🤖 AI Summary
This work uncovers a novel privacy risk induced by machine unlearning in the dual-view setting (original model + unlearned model): while protecting the requested-forget samples, it significantly exacerbates membership inference attacks (MIAs) against retained training data. We propose the Dual-View Inference Attack (DVIA), the first attack paradigm that theoretically formalizes this threat from an information-theoretic perspective—defining “privacy knowledge gain” to quantify the amplification of privacy leakage under joint querying. DVIA requires no auxiliary attack model training and operates in a black-box, lightweight, and cross-architecture manner. Extensive experiments across multiple datasets and model architectures demonstrate that DVIA boosts MIA accuracy by up to 32.7%, revealing that machine unlearning may inadvertently weaken—rather than strengthen—the overall privacy protection of training data.
📝 Abstract
Machine unlearning is a newly popularized technique for removing specific training data from a trained model, enabling it to comply with data deletion requests. While it protects the rights of users requesting unlearning, it also introduces new privacy risks.

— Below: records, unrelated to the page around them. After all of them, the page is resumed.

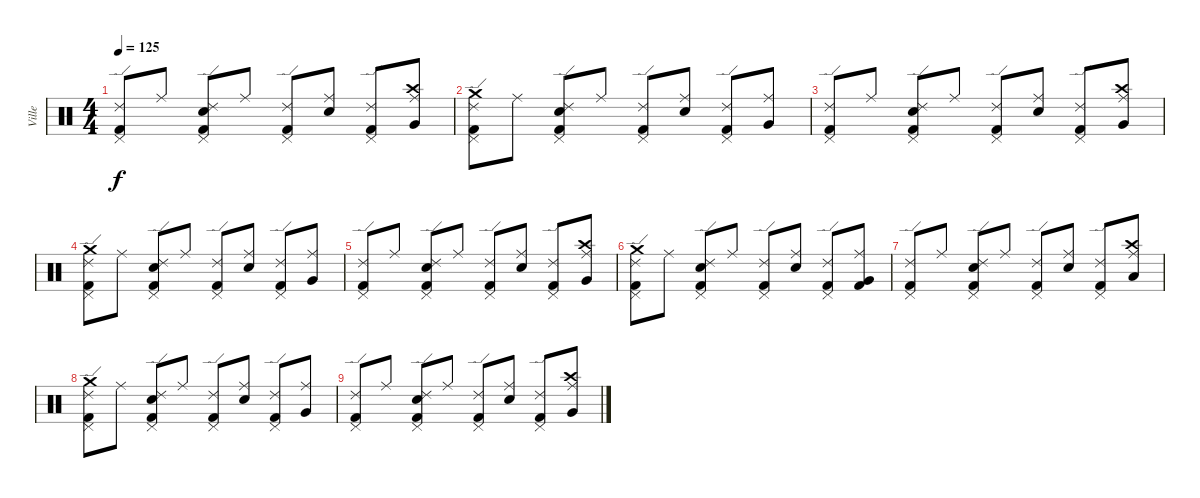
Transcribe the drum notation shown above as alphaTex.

\track ("Ville" "Ville") {instrument percussion}
\staff {score}
\articulation defaults
\ts (4 4)
\tempo 125
\clef neutral
\ks c
("Pedal Hi-Hat (hit)" "Ride (edge) 2" "Kick (hit) 2").8{dy f} "Ride (middle)".8 ("Snare (hit) 2" "Pedal Hi-Hat (hit)" "Ride (edge) 2" "Kick (hit) 2").8 "Ride (middle)".8 ("Pedal Hi-Hat (hit)" "Ride (edge) 2" "Kick (hit) 2").8 ("Snare (hit) 2" "Ride (middle)").8 ("Pedal Hi-Hat (hit)" "Ride (edge) 2" "Kick (hit) 2").8 ("Crash high (hit)" "Very Low Tom (hit)" "Ride (middle)").8 |
("Crash medium (hit)" "Pedal Hi-Hat (hit)" "Ride (edge) 2" "Kick (hit) 2").8 "Ride (middle)".8 ("Snare (hit) 2" "Pedal Hi-Hat (hit)" "Ride (edge) 2" "Kick (hit) 2").8 "Ride (middle)".8 ("Pedal Hi-Hat (hit)" "Ride (edge) 2" "Kick (hit) 2").8 ("Snare (hit) 2" "Ride (middle)").8 ("Pedal Hi-Hat (hit)" "Ride (edge) 2" "Kick (hit) 2").8 ("Very Low Tom (hit)" "Ride (middle)").8 |
("Pedal Hi-Hat (hit)" "Ride (edge) 2" "Kick (hit) 2").8 "Ride (middle)".8 ("Snare (hit) 2" "Pedal Hi-Hat (hit)" "Ride (edge) 2" "Kick (hit) 2").8 "Ride (middle)".8 ("Pedal Hi-Hat (hit)" "Ride (edge) 2" "Kick (hit) 2").8 ("Snare (hit) 2" "Ride (middle)").8 ("Pedal Hi-Hat (hit)" "Ride (edge) 2" "Kick (hit) 2").8 ("Crash high (hit)" "Very Low Tom (hit)" "Ride (middle)").8 |
("Crash medium (hit)" "Pedal Hi-Hat (hit)" "Ride (edge) 2" "Kick (hit) 2").8 "Ride (middle)".8 ("Snare (hit) 2" "Pedal Hi-Hat (hit)" "Ride (edge) 2" "Kick (hit) 2").8 "Ride (middle)".8 ("Pedal Hi-Hat (hit)" "Ride (edge) 2" "Kick (hit) 2").8 ("Snare (hit) 2" "Ride (middle)").8 ("Pedal Hi-Hat (hit)" "Ride (edge) 2" "Kick (hit) 2").8 ("Very Low Tom (hit)" "Ride (middle)").8 |
("Pedal Hi-Hat (hit)" "Ride (edge) 2" "Kick (hit) 2").8 "Ride (middle)".8 ("Snare (hit) 2" "Pedal Hi-Hat (hit)" "Ride (edge) 2" "Kick (hit) 2").8 "Ride (middle)".8 ("Pedal Hi-Hat (hit)" "Ride (edge) 2" "Kick (hit) 2").8 ("Snare (hit) 2" "Ride (middle)").8 ("Pedal Hi-Hat (hit)" "Ride (edge) 2" "Kick (hit) 2").8 ("Crash high (hit)" "Very Low Tom (hit)" "Ride (middle)").8 |
("Crash medium (hit)" "Pedal Hi-Hat (hit)" "Ride (edge) 2" "Kick (hit) 2").8 "Ride (middle)".8 ("Snare (hit) 2" "Pedal Hi-Hat (hit)" "Ride (edge) 2" "Kick (hit) 2").8 "Ride (middle)".8 ("Pedal Hi-Hat (hit)" "Ride (edge) 2" "Kick (hit) 2").8 ("Snare (hit) 2" "Ride (middle)").8 ("Pedal Hi-Hat (hit)" "Ride (edge) 2" "Kick (hit) 2").8 ("Very Low Tom (hit)" "Ride (middle)" "Kick (hit) 2").8 |
("Pedal Hi-Hat (hit)" "Ride (edge) 2" "Kick (hit) 2").8 "Ride (middle)".8 ("Snare (hit) 2" "Pedal Hi-Hat (hit)" "Ride (edge) 2" "Kick (hit) 2").8 "Ride (middle)".8 ("Pedal Hi-Hat (hit)" "Ride (edge) 2" "Kick (hit) 2").8 ("Snare (hit) 2" "Ride (middle)").8 ("Pedal Hi-Hat (hit)" "Ride (edge) 2" "Kick (hit) 2").8 ("Crash high (hit)" "Low Floor Tom (hit)" "Ride (middle)").8 |
("Crash medium (hit)" "Pedal Hi-Hat (hit)" "Ride (edge) 2" "Kick (hit) 2").8 "Ride (middle)".8 ("Snare (hit) 2" "Pedal Hi-Hat (hit)" "Ride (edge) 2" "Kick (hit) 2").8 "Ride (middle)".8 ("Pedal Hi-Hat (hit)" "Ride (edge) 2" "Kick (hit) 2").8 ("Snare (hit) 2" "Ride (middle)").8 ("Pedal Hi-Hat (hit)" "Ride (edge) 2" "Kick (hit) 2").8 ("Very Low Tom (hit)" "Ride (middle)").8 |
("Pedal Hi-Hat (hit)" "Ride (edge) 2" "Kick (hit) 2").8 "Ride (middle)".8 ("Snare (hit) 2" "Pedal Hi-Hat (hit)" "Ride (edge) 2" "Kick (hit) 2").8 "Ride (middle)".8 ("Pedal Hi-Hat (hit)" "Ride (edge) 2" "Kick (hit) 2").8 ("Snare (hit) 2" "Ride (middle)").8 ("Pedal Hi-Hat (hit)" "Ride (edge) 2" "Kick (hit) 2").8 ("Crash high (hit)" "Very Low Tom (hit)" "Ride (middle)").8

Prior works have primarily focused on the privacy of data that has been unlearned, while the risks to retained data remain largely unexplored. To address this gap, we focus on the privacy risks of retained data and, for the first time, reveal the vulnerabilities introduced by machine unlearning under the dual-view setting, where an adversary can query both the original and the unlearned models. From an information-theoretic perspective, we introduce the concept of {privacy knowledge gain} and demonstrate that the dual-view setting allows adversaries to obtain more information than querying either model alone, thereby amplifying privacy leakage. To effectively demonstrate this threat, we propose DVIA, a Dual-View Inference Attack, which extracts membership information on retained data using black-box queries to both models. DVIA eliminates the need to train an attack model and employs a lightweight likelihood ratio inference module for efficient inference. Experiments across different datasets and model architectures validate the effectiveness of DVIA and highlight the privacy risks inherent in the dual-view setting.